1:30PM I check in to the center and at 2:00 they do the transfer of the eggs and then I wait. Wait TEN long days to find out if it took. Not only am I waiting, but I am laying completely flat for a week. One long week. The first few days are very relaxing, but then I get restless and very anxious.



Tomorrow is the day-let's hope it is a good day:)

Saturday, March 24, 2012

Development of my Eggs!


Got a call from the doctor today and my eggs are doing well!

I had 15 eggs frozen and they thawed all 15. So far all 15 are surviving YAY! There are nine that are looking really good so I am all set for Monday to do a transfer at 2:00pm.  I thought it would be fun to go over the embryo development because I find it fascinating!

 Day 0- Eggs are retrieved and sperm is introduced

Day 1- The egg is officially fertilized and it is now called a zygote!

Day 2- The zygote starts to divide and replicate. They embryos has now become a 4-cell embryo. This is the stage my eggs were frozen at in November and thawed at.
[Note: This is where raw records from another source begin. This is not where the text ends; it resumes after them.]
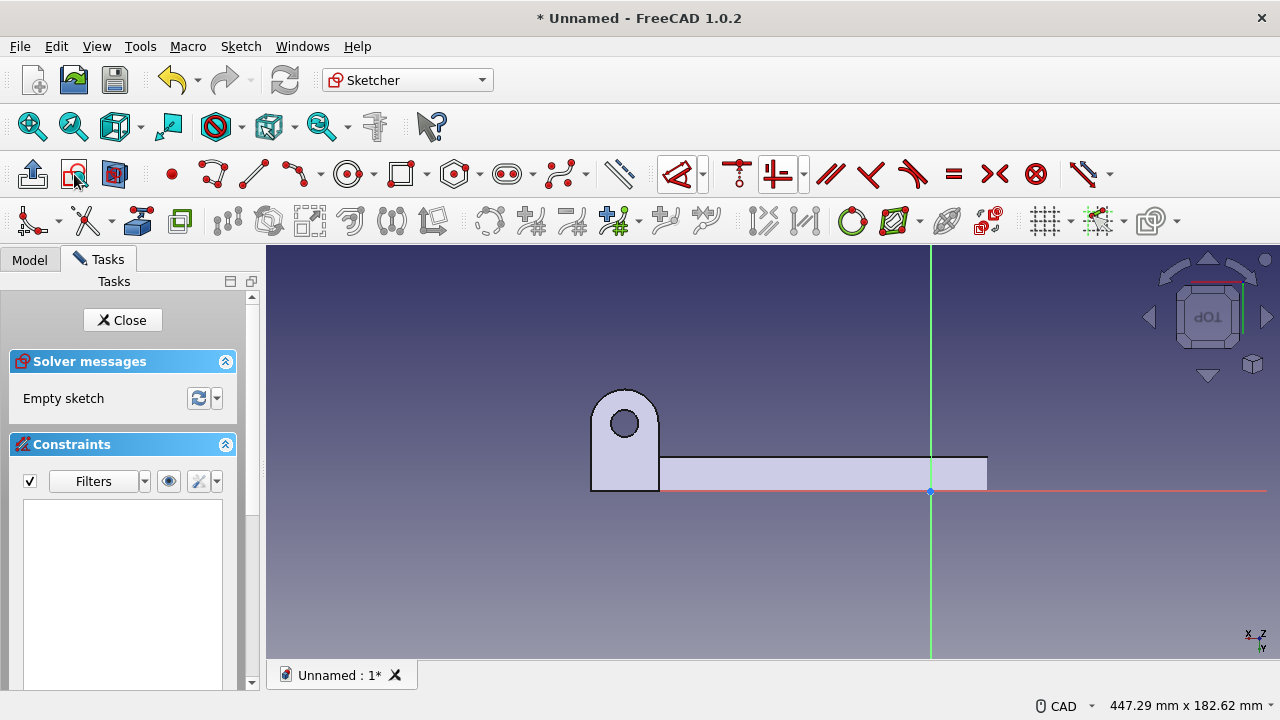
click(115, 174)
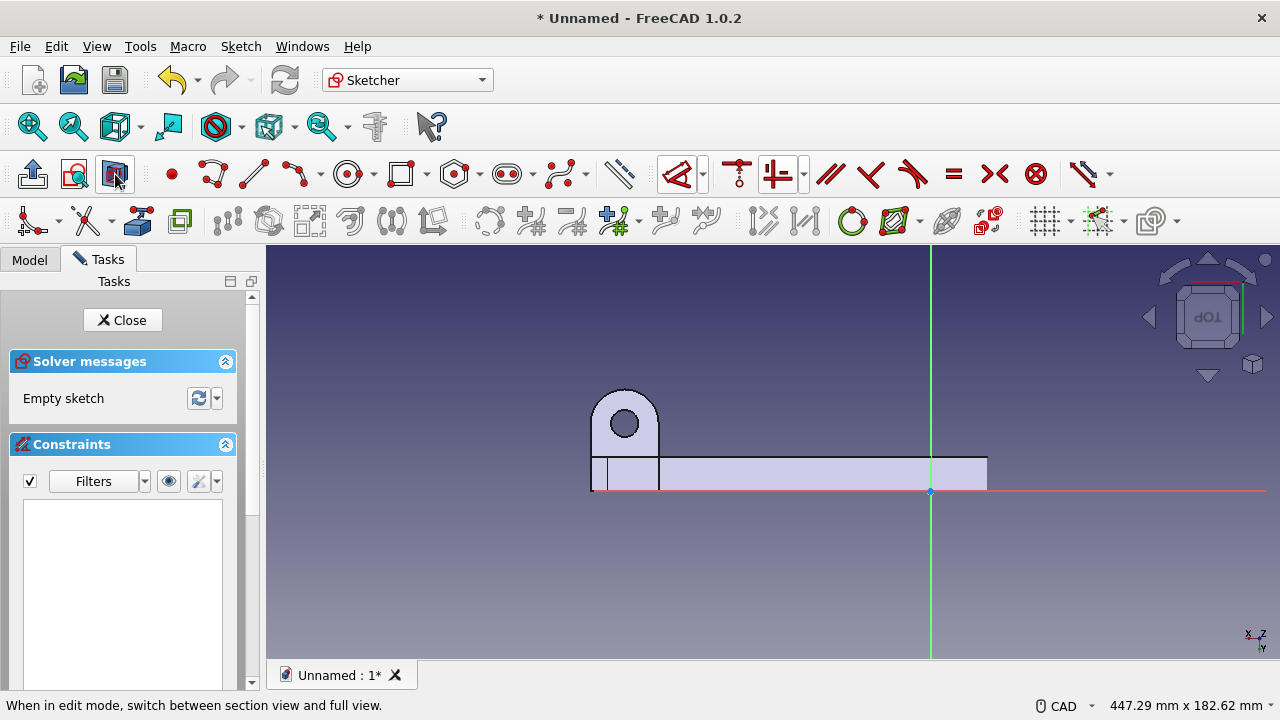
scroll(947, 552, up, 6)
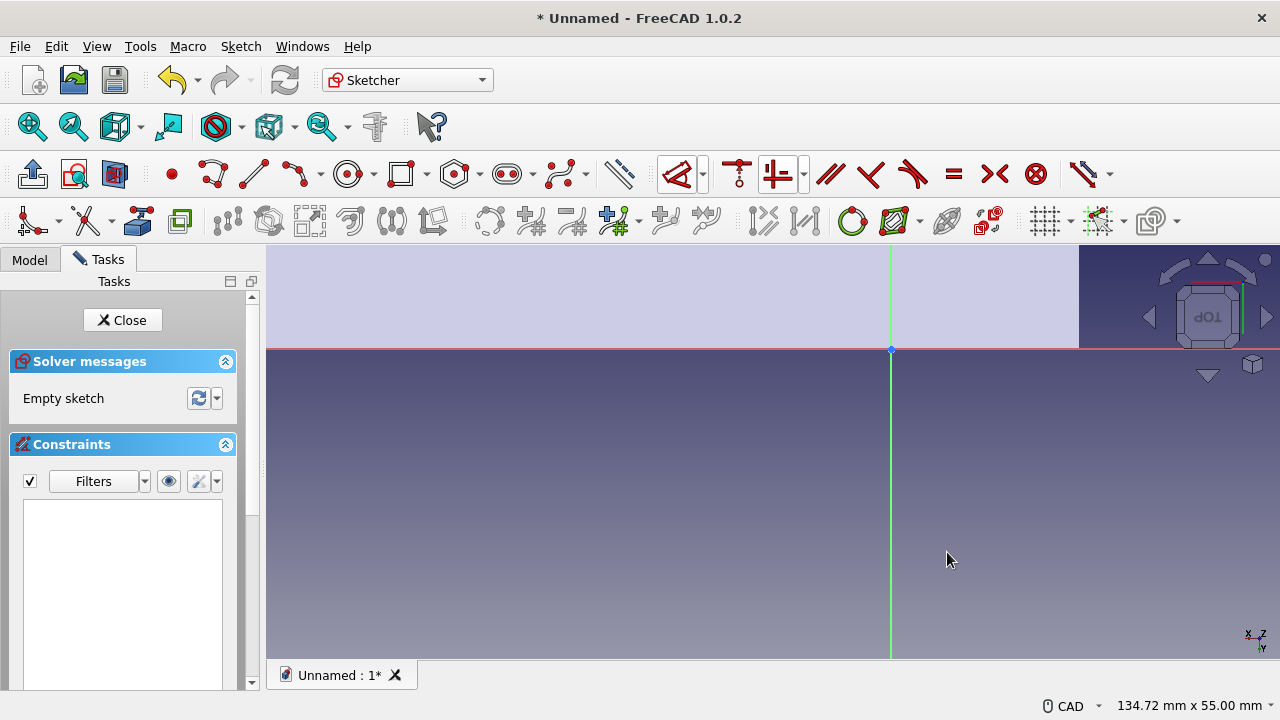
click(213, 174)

Day 3- It is now an 8 cell embryo

Day 4- They call this Morula. This is the stage right before blastocyst.  At this stage it is around 12-30 cells that have developed. It is at this stage that the sac around the embryo starts to disintegrate in preparation for blastocyst.

Day 5- Blastocyst stage!! This is the great day when they do the transfer. There are less than 100 cells at this point and it is almost ready to implant in the uterus lining. THe cells are breakign out of the sac. Within the blastocyst there are 2 types of cells. There is an inner cell mass that will soon begin to divide rapidly and develop into the fetus. The outer mass will eventually turn into the placenta.